## TASK DETAILS
Copy out all lines from the material that contain the string "below".

## THE DATA
┌──
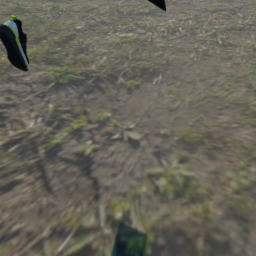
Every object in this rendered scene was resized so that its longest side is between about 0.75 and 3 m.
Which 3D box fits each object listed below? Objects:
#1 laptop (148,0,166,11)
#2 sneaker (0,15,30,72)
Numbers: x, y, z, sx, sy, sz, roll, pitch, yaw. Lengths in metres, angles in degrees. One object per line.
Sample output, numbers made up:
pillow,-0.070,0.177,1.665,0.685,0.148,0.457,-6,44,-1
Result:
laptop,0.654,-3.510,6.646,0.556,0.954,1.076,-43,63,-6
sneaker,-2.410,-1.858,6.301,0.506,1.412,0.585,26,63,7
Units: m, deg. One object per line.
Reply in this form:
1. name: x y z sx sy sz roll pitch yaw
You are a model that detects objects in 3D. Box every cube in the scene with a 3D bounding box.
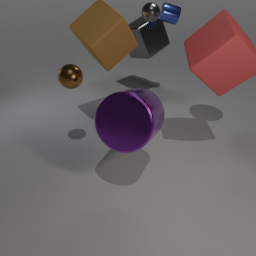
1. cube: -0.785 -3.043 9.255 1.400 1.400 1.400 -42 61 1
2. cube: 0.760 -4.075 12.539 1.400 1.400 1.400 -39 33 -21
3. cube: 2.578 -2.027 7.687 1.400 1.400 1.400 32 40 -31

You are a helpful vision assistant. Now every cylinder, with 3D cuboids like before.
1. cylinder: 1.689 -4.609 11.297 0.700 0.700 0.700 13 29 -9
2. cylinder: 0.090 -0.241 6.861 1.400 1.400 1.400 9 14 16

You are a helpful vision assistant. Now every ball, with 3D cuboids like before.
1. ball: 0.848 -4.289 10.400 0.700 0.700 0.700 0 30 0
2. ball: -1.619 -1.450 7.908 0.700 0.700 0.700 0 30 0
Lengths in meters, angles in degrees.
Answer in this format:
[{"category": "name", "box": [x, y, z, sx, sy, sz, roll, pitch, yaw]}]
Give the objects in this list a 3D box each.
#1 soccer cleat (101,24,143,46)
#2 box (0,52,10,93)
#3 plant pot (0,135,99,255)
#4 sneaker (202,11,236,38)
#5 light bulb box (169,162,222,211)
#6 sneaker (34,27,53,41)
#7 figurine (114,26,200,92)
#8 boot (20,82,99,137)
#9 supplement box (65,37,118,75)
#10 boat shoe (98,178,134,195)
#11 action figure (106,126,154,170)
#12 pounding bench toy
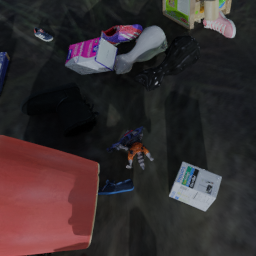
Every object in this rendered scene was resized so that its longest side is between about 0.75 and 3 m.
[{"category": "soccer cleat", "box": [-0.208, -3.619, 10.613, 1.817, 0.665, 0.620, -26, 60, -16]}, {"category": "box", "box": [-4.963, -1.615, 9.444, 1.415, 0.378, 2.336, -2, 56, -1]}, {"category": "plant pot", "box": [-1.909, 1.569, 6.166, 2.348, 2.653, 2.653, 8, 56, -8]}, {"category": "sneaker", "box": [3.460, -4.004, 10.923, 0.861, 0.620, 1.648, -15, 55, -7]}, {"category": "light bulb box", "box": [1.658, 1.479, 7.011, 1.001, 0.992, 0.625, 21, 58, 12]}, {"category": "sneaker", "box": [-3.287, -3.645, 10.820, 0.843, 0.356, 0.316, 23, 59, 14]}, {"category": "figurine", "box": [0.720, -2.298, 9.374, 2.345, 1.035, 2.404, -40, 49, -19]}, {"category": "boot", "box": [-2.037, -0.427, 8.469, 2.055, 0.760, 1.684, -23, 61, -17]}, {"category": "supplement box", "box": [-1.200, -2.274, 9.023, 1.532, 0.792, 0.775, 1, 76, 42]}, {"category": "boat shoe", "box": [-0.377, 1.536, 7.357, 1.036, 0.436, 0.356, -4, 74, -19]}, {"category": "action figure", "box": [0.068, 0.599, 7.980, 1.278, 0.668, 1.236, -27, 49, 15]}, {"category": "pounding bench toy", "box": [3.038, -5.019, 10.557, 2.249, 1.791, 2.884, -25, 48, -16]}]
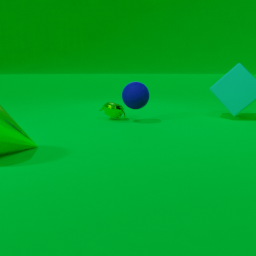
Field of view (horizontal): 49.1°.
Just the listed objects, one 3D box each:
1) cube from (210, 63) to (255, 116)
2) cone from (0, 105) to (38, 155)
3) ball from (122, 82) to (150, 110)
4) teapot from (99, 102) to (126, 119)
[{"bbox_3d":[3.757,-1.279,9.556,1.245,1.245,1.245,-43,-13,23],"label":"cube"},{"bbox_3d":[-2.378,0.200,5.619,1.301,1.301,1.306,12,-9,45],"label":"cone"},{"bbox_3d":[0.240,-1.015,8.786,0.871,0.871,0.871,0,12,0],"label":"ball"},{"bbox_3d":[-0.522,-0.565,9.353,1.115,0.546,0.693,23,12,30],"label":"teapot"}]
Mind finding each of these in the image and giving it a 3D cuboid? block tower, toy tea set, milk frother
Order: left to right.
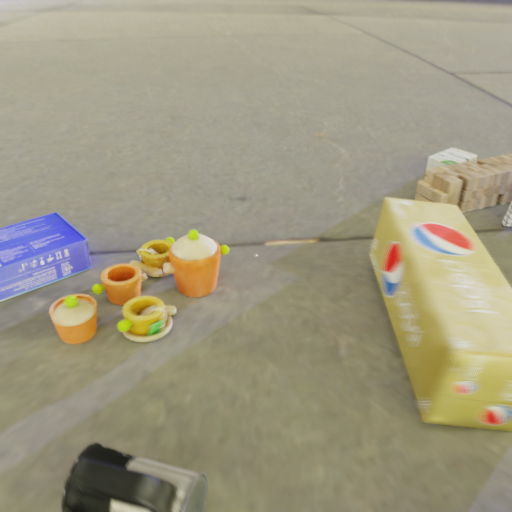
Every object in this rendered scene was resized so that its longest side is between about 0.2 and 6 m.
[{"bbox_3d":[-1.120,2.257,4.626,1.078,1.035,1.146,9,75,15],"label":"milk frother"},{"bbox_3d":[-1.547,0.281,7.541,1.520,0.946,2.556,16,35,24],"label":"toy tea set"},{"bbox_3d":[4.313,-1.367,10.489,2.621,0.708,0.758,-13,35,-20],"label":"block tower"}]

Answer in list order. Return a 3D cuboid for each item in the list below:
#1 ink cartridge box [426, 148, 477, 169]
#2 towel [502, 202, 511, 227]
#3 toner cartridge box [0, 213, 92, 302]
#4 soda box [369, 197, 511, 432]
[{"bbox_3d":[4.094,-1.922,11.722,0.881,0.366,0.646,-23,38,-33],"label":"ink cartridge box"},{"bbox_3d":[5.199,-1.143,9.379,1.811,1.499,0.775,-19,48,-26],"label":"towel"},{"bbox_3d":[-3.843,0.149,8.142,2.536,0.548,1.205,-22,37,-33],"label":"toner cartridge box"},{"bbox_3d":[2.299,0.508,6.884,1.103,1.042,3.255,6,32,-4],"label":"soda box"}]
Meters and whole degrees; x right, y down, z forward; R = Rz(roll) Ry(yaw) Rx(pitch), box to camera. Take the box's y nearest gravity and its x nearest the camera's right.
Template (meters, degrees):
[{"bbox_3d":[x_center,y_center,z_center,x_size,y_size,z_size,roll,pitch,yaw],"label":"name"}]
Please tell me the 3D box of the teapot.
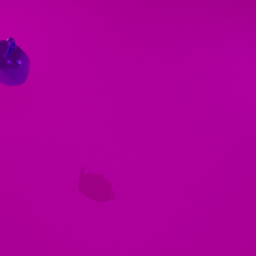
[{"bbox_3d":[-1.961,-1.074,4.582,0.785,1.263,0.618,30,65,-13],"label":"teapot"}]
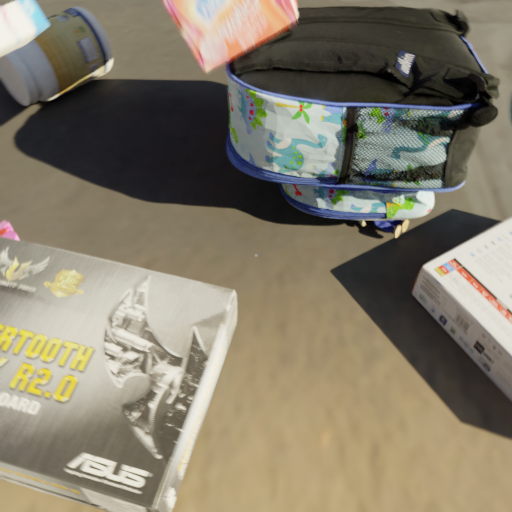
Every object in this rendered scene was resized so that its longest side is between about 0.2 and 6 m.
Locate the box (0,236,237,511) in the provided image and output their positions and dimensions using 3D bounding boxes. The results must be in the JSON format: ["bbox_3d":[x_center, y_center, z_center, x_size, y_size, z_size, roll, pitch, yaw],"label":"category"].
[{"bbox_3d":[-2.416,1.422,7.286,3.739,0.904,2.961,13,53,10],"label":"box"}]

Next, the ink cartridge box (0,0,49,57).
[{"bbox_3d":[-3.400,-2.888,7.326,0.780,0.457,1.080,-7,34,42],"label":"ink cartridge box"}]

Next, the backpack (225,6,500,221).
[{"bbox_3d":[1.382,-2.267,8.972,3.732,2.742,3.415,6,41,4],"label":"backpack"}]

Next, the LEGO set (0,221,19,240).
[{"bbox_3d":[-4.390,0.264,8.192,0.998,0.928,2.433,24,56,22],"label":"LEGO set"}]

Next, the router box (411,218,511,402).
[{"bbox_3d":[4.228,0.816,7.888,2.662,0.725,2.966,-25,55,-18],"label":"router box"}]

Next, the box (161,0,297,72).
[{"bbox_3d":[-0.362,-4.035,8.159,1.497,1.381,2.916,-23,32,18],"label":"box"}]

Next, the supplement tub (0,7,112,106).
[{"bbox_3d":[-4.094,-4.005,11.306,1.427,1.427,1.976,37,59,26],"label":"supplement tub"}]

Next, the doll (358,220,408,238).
└──
┌──
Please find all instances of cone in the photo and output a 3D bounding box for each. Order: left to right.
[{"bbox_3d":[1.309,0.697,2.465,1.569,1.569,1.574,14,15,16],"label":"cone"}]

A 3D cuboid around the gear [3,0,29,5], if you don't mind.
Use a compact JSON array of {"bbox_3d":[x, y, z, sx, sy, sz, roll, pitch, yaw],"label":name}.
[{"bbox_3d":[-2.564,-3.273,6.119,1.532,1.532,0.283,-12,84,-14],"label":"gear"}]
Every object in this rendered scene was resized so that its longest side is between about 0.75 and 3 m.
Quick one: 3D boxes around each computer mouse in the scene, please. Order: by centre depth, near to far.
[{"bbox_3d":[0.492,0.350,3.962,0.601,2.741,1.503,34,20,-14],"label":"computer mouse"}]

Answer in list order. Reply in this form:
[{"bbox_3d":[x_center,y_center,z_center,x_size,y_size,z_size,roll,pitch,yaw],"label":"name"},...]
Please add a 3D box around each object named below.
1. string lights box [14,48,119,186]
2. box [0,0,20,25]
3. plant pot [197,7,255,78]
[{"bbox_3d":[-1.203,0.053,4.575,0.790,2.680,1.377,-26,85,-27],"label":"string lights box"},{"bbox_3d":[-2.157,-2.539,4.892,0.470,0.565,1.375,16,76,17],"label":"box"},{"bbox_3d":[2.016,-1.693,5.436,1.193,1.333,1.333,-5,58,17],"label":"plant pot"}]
└──
## COMPLETED EXERCISE
Which 3D box fits each object listed below? Objects:
Answer in list order. Return a 3D cuboid for each item in the list below:
Please add a 3D box around each object named below.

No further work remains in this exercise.